(Stored entries)
___

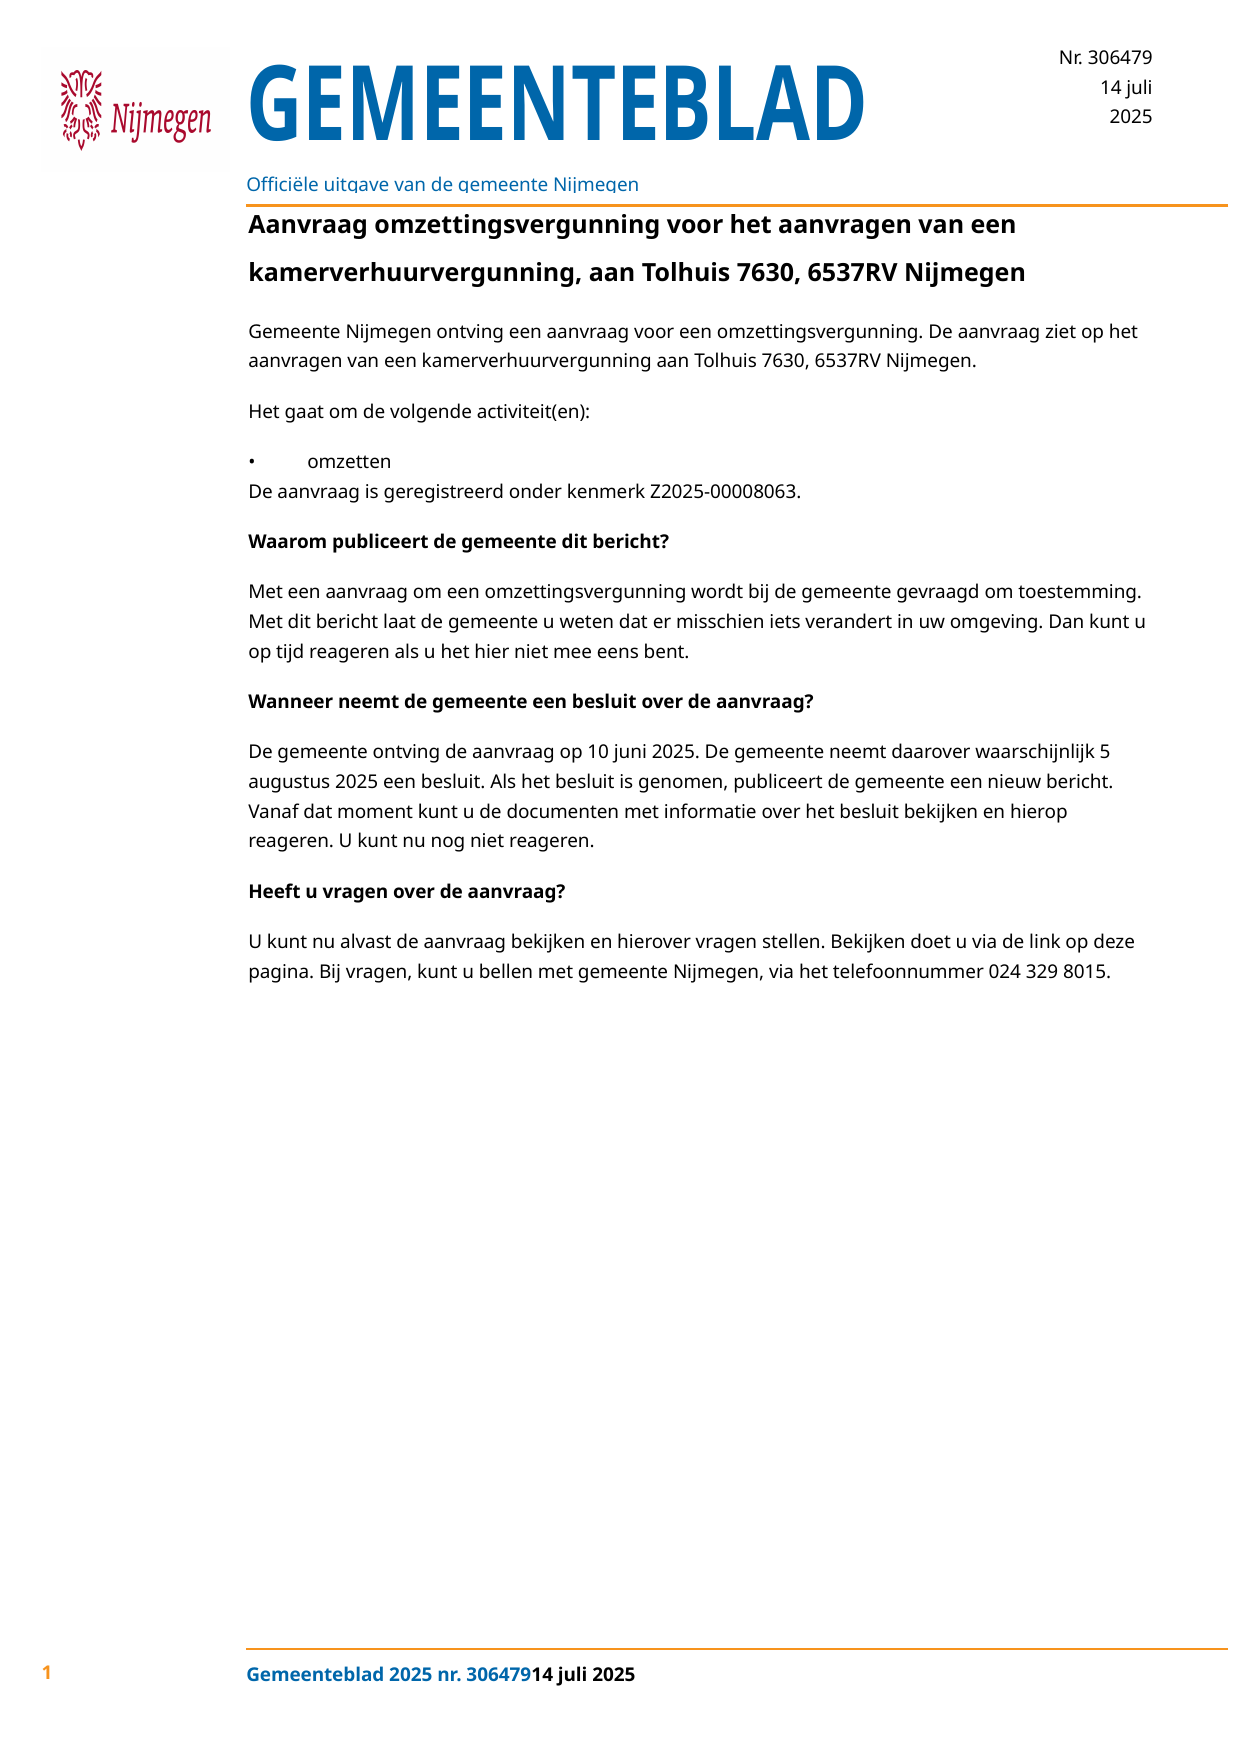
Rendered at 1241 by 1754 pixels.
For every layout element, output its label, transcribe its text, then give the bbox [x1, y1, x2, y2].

text De aanvraag is geregistreerd onder kenmerk Z2025-00008063. [248, 478, 1152, 504]
text U kunt nu alvast de aanvraag bekijken en hierover vragen stellen. Bekijken doet u via de link op deze pagina. Bij vragen, kunt u bellen met gemeente Nijmegen, via het telefoonnummer 024 329 8015. [248, 928, 1152, 984]
text Wanneer neemt de gemeente een besluit over de aanvraag? [248, 688, 1152, 714]
text Gemeente Nijmegen ontving een aanvraag voor een omzettingsvergunning. De aanvraag ziet op het aanvragen van een kamerverhuurvergunning aan Tolhuis 7630, 6537RV Nijmegen. [248, 318, 1152, 373]
text Heeft u vragen over de aanvraag? [248, 878, 1152, 904]
text Aanvraag omzettingsvergunning voor het aanvragen van een kamerverhuurvergunning, aan Tolhuis 7630, 6537RV Nijmegen [248, 207, 1152, 288]
text Met een aanvraag om een omzettingsvergunning wordt bij de gemeente gevraagd om toestemming. Met dit bericht laat de gemeente u weten dat er misschien iets verandert in uw omgeving. Dan kunt u op tijd reageren als u het hier niet mee eens bent. [248, 579, 1152, 664]
text Waarom publiceert de gemeente dit bericht? [248, 528, 1152, 554]
picture [41, 47, 231, 172]
text Het gaat om de volgende activiteit(en): [248, 398, 1152, 424]
list omzetten [248, 448, 1152, 474]
text De gemeente ontving de aanvraag op 10 juni 2025. De gemeente neemt daarover waarschijnlijk 5 augustus 2025 een besluit. Als het besluit is genomen, publiceert de gemeente een nieuw bericht. Vanaf dat moment kunt u de documenten met informatie over het besluit bekijken en hierop reageren. U kunt nu nog niet reageren. [248, 739, 1152, 853]
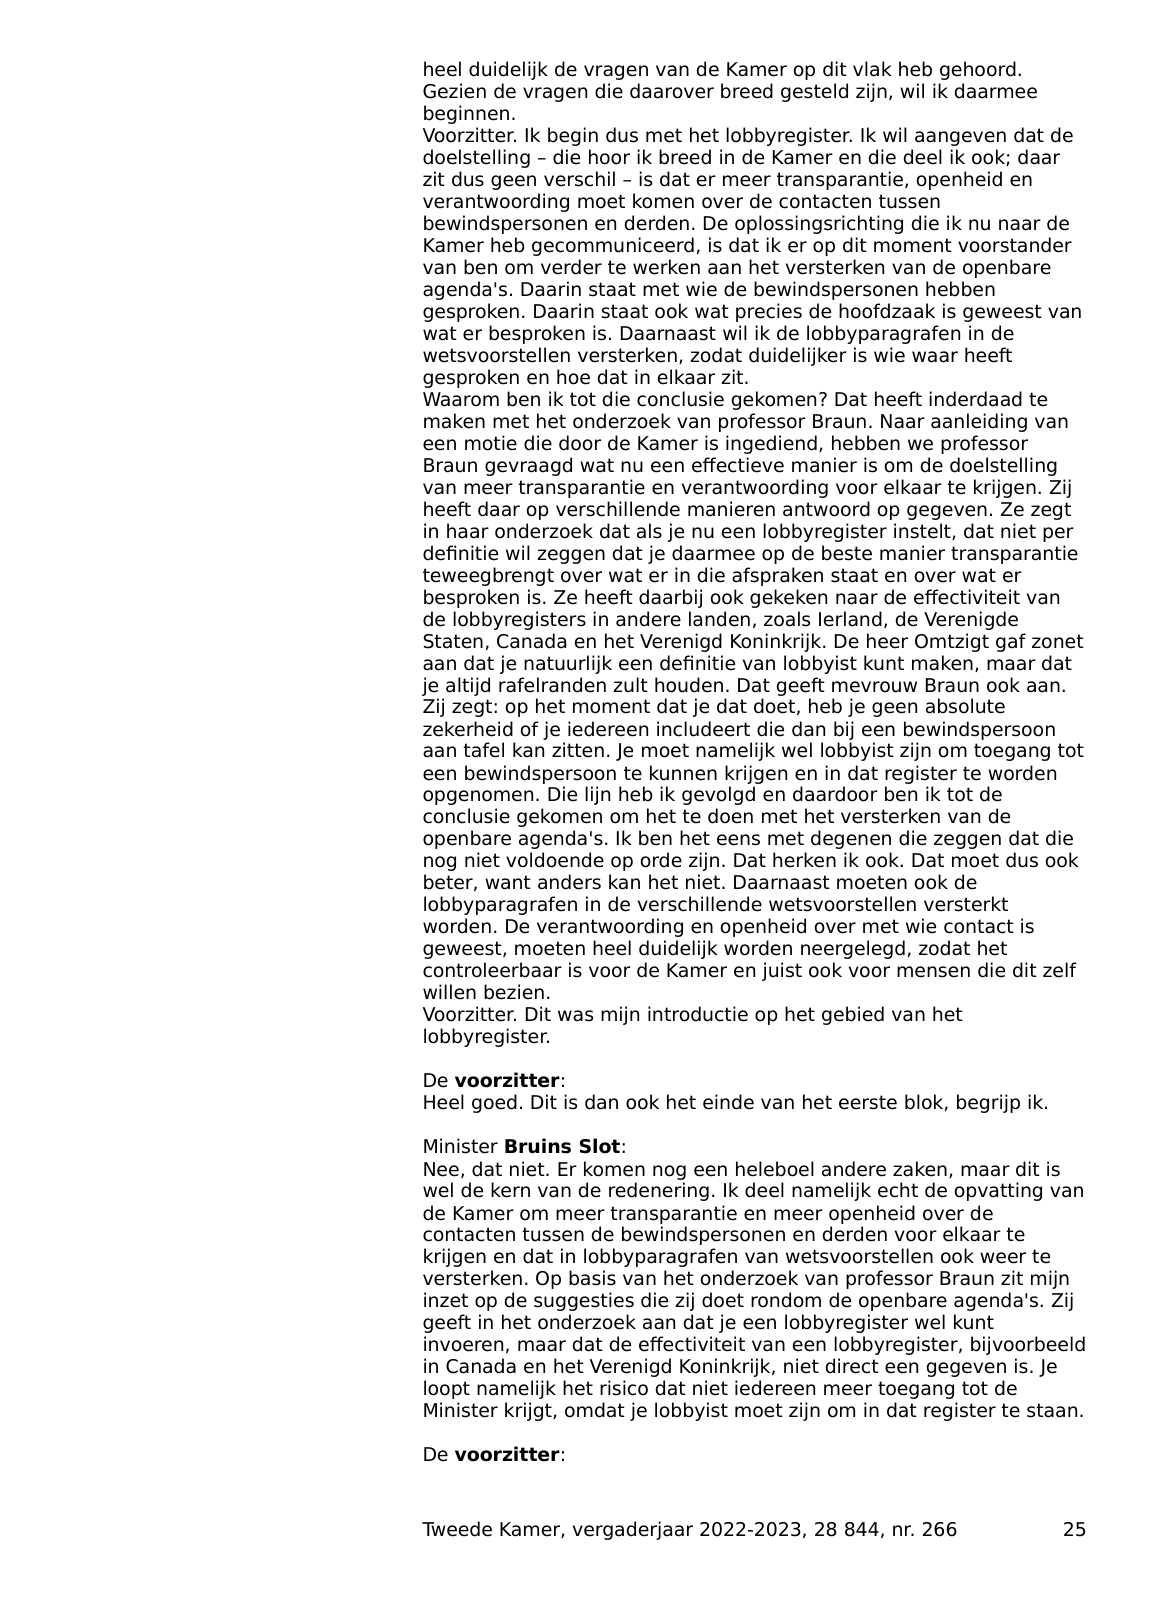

___

[TASK TO CARRY OUT]:
Working from the entries above, return all lines that contain "aanvragen".

[OUTPUT FOR THIS EXERCISE]:
text Gemeente Nijmegen ontving een aanvraag voor een omzettingsvergunning. De aanvraag ziet op het aanvragen van een kamerverhuurvergunning aan Tolhuis 7630, 6537RV Nijmegen. [248, 318, 1152, 373]
text Aanvraag omzettingsvergunning voor het aanvragen van een kamerverhuurvergunning, aan Tolhuis 7630, 6537RV Nijmegen [248, 207, 1152, 288]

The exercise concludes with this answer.